From the data below, retype exactly the lines starting with the one that contains "name: x=_ y=_" and ending with the one that contains "Our simulation needs", both included.

·····

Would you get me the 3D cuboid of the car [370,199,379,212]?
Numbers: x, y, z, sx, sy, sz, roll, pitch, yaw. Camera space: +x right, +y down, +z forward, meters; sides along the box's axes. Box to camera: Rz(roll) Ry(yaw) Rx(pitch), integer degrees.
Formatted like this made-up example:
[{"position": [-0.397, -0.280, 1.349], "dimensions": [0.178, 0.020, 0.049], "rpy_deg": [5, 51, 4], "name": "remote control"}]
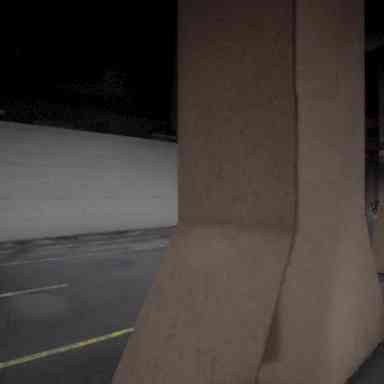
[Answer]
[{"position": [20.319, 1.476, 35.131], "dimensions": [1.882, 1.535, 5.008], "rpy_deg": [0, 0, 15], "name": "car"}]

·····

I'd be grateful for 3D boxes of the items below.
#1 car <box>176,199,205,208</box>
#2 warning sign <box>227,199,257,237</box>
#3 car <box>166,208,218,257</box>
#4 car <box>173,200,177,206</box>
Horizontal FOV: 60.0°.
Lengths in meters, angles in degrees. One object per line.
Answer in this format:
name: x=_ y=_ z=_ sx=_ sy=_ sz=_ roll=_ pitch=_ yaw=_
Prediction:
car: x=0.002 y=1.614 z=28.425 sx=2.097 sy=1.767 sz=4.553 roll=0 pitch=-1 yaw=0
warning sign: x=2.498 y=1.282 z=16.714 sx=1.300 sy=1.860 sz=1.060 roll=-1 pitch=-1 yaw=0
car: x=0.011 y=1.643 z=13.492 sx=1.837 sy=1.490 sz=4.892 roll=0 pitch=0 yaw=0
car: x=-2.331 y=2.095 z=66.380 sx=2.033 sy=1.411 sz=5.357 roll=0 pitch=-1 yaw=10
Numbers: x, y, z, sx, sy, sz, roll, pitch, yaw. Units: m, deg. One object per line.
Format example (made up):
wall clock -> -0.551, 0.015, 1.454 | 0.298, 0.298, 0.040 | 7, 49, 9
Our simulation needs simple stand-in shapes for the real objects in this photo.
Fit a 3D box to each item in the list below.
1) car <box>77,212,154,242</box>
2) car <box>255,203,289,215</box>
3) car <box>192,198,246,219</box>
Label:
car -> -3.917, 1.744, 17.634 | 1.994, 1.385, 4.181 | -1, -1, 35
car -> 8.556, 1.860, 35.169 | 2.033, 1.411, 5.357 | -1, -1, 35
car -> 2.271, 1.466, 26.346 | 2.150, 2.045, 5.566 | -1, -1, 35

·····

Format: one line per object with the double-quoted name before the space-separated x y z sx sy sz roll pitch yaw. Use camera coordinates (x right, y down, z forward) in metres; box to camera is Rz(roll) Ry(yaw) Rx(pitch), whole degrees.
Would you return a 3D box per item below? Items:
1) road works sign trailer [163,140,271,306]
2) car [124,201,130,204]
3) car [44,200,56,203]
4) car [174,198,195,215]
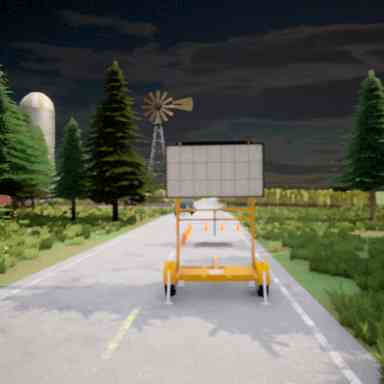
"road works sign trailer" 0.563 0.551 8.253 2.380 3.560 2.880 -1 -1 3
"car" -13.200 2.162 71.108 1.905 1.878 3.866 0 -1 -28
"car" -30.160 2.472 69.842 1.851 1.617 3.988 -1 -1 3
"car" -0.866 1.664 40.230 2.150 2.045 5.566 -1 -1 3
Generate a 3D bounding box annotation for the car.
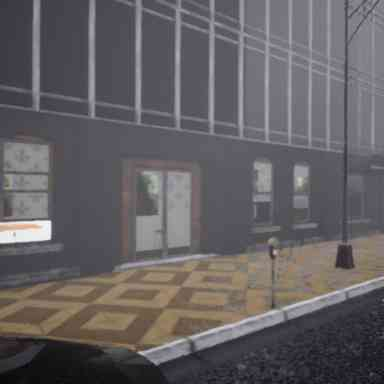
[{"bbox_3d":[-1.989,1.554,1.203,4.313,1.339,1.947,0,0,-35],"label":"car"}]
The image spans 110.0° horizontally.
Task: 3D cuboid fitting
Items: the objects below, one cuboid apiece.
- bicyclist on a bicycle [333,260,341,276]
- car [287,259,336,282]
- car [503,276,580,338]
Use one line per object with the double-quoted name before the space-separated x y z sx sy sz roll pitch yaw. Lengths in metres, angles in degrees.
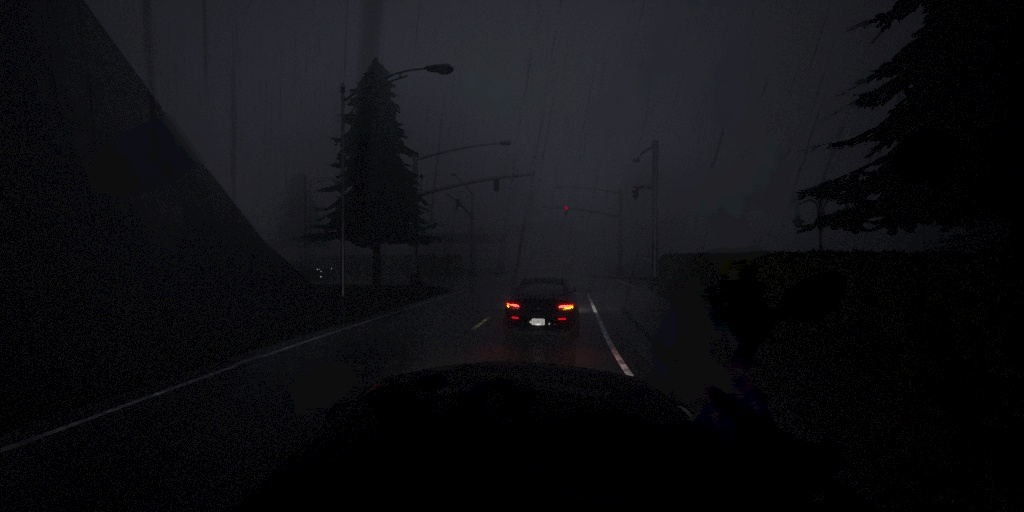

·····

**EXERCISE RESULT**
name: x=_ y=_ z=_ sx=_ sy=_ sz=_ roll=_ pitch=_ yaw=_
Prediction:
car: x=0.002 y=1.614 z=28.425 sx=2.097 sy=1.767 sz=4.553 roll=0 pitch=-1 yaw=0
warning sign: x=2.498 y=1.282 z=16.714 sx=1.300 sy=1.860 sz=1.060 roll=-1 pitch=-1 yaw=0
car: x=0.011 y=1.643 z=13.492 sx=1.837 sy=1.490 sz=4.892 roll=0 pitch=0 yaw=0
car: x=-2.331 y=2.095 z=66.380 sx=2.033 sy=1.411 sz=5.357 roll=0 pitch=-1 yaw=10
Numbers: x, y, z, sx, sy, sz, roll, pitch, yaw. Units: m, deg. One object per line.
Format example (made up):
wall clock -> -0.551, 0.015, 1.454 | 0.298, 0.298, 0.040 | 7, 49, 9
Our simulation needs simple stand-in shapes for the real objects in this photo.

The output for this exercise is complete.